Personal information
- Date of birth: 2 May 1982 (age 43)
- Place of birth: Dunajská Streda, Czechoslovakia
- Height: 1.90 m (6 ft 3 in)
- Position: Centre-back

Youth career
- Šamorín
- 1999–2000: ŠKP Devín

Senior career*
- Years: Team / Apps / (Gls)
- 2000–2002: ŠKP Devín
- 2002–2004: Synot Staré Město / 7 / (0)
- 2004–2009: AS Trenčín / 107 / (11)
- 2005–2006: → Slovácko (loan) / 0 / (0)
- 2008–2010: → ADO Den Haag (loan) / 48 / (6)
- 2010–2013: Zagłębie Lubin / 48 / (0)
- 2013–2015: Piast Gliwice / 59 / (5)
- 2016–2018: ŠTK 1914 Šamorín / 47 / (3)

International career
- 2009: Slovakia / 1 / (0)

= Csaba Horváth (footballer) =

Slovak footballer (born 1982)

Csaba Horváth (/sk/; born 2 May 1982) is a Slovak former professional footballer who played as a centre-back. Across his club career, Horváth played in the Czech Republic, the Netherlands and Poland, as well as his native Slovakia. He made one appearance for Slovakia in 2009.

He currently serves as the president of his former club ŠTK 1914 Šamorín.

==Club career==
He signed on loan for ADO Den Haag in July 2008 for the 2008–09 season, with an option for Den Haag to buy after the season. He scored in his debut match, a 5–2 win against Sparta Rotterdam. After his first season with Den Haag, the club wanted to keep the player but complained that his transfer fee was too high, so Horváth remained at the club on loan. In his second season with Den Haag, Horváth scored in an away win against Vitesse Arnhem.

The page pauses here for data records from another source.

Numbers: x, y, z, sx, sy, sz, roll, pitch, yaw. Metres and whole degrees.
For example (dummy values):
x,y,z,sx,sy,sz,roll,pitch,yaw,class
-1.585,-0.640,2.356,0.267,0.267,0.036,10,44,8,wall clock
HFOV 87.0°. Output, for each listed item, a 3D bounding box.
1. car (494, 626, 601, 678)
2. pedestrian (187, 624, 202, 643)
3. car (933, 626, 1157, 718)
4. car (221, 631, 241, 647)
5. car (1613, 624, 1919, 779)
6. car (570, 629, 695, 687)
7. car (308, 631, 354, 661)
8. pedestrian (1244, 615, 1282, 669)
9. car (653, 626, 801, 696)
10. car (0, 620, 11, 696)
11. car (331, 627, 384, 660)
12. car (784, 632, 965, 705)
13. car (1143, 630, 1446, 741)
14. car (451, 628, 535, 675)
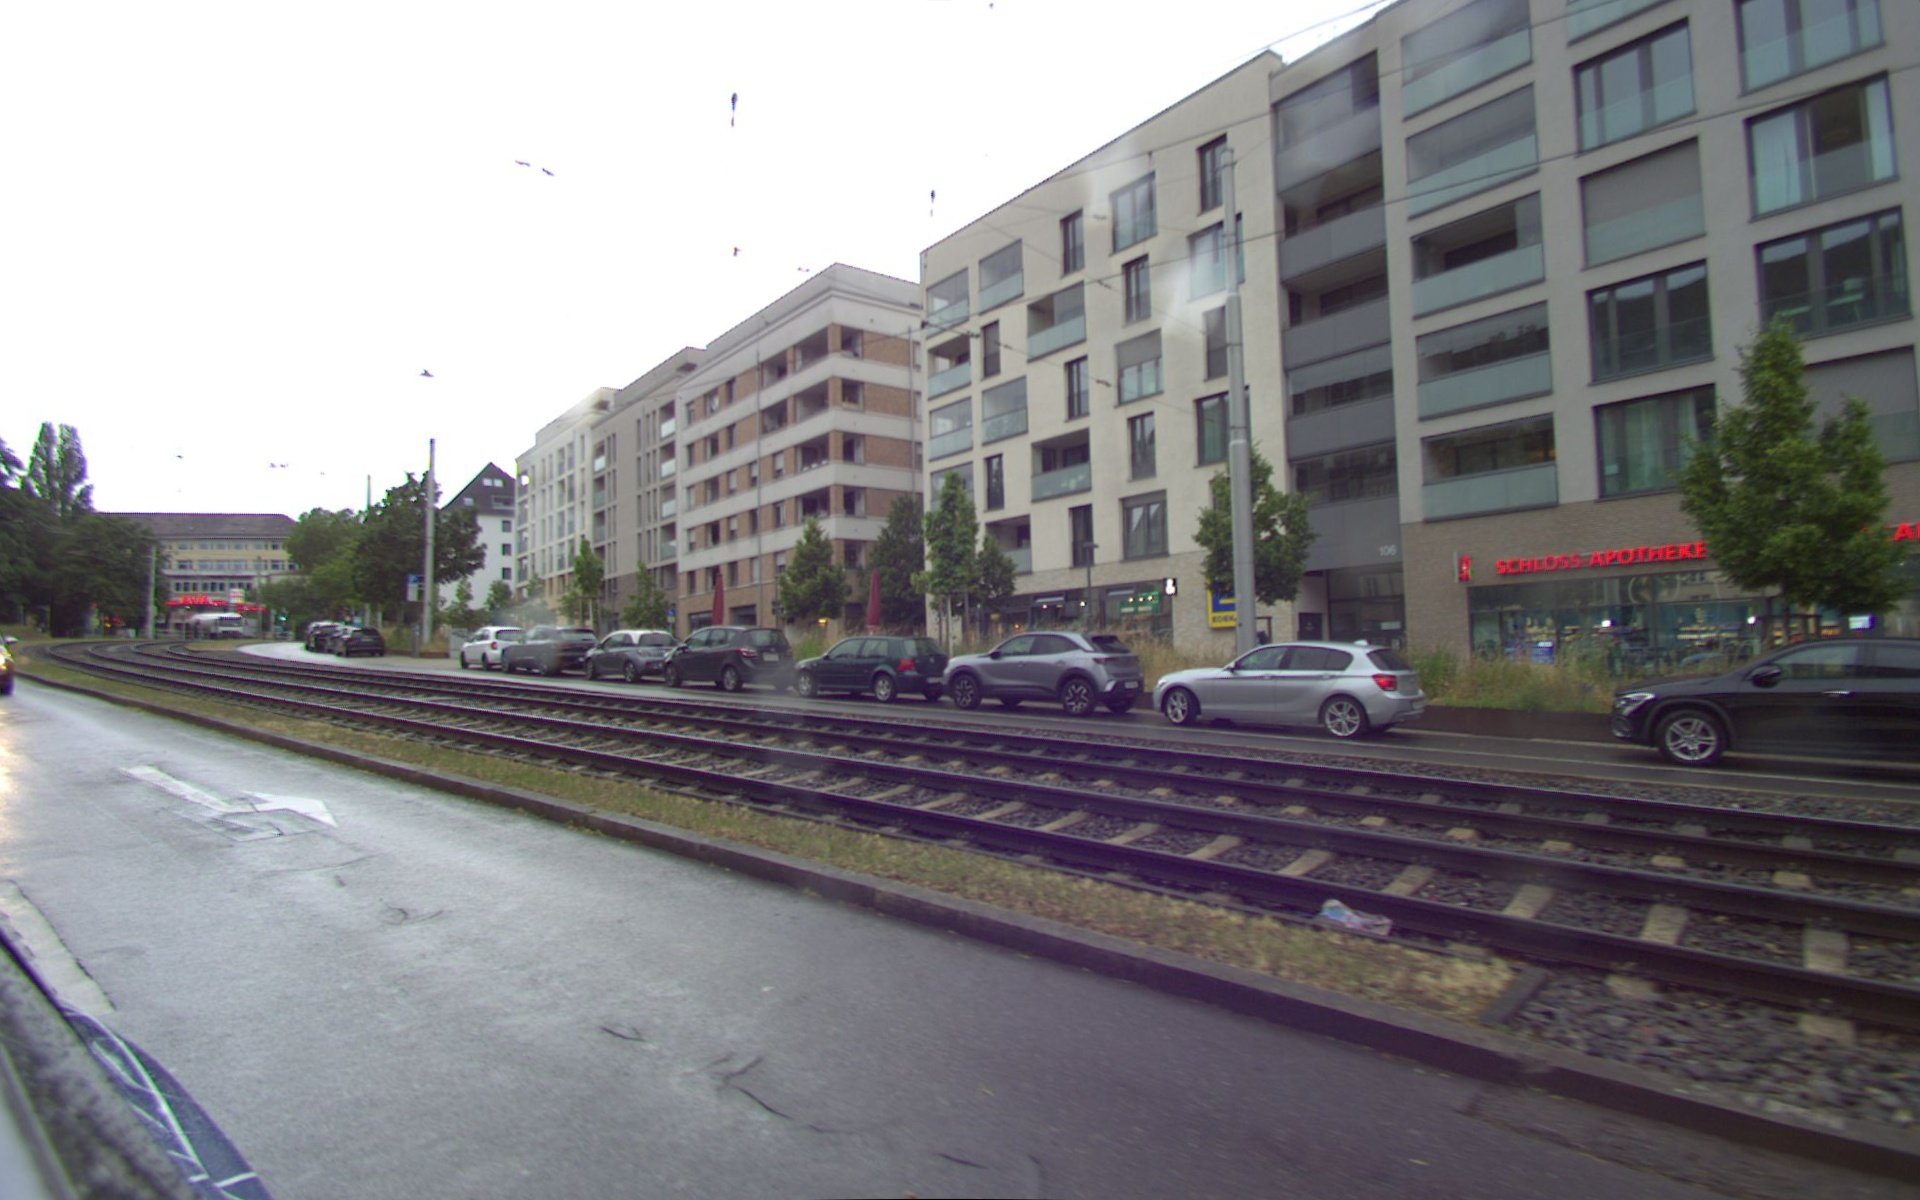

On 4 July 2010 he moved to Polish club Zagłębie Lubin, where he signed a three-year contract. In three seasons with the club, Horváth made 48 Ekstraklasa appearances for Zagłębie without scoring. In June 2013, Horváth signed a two-year contract with another Polish side, Piast Gliwice, as a free agent. After five years in Poland, Horváth returned to Slovakia. He concluded his professional career in January 2018.

==International career==
In August 2009, Horváth was called up to the Slovakia national team, his second such call-up. He made his international debut in a 1–1 friendly draw against Iceland on 12 August. Later the same month he was nominated in the Slovakia squad for World Cup qualification matches against the Czech Republic and Northern Ireland.